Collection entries
====

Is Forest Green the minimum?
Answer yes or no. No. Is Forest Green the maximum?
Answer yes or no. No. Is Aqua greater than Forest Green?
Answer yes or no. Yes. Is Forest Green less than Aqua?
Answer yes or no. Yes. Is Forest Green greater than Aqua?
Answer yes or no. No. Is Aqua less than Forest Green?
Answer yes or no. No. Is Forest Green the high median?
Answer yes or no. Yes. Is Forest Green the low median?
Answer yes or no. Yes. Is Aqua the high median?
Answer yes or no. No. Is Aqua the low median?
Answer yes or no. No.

====

> [Exercise requirements]: Of the entries above, repeat exactly the lines between the line with "Answer yes or no. Yes. Is Forest Green less" and the line with "Answer yes or no. No. Is Forest Green the high", inclusive, and no others.

> [Answer space]:
Answer yes or no. Yes. Is Forest Green less than Aqua?
Answer yes or no. Yes. Is Forest Green greater than Aqua?
Answer yes or no. No. Is Aqua less than Forest Green?
Answer yes or no. No. Is Forest Green the high median?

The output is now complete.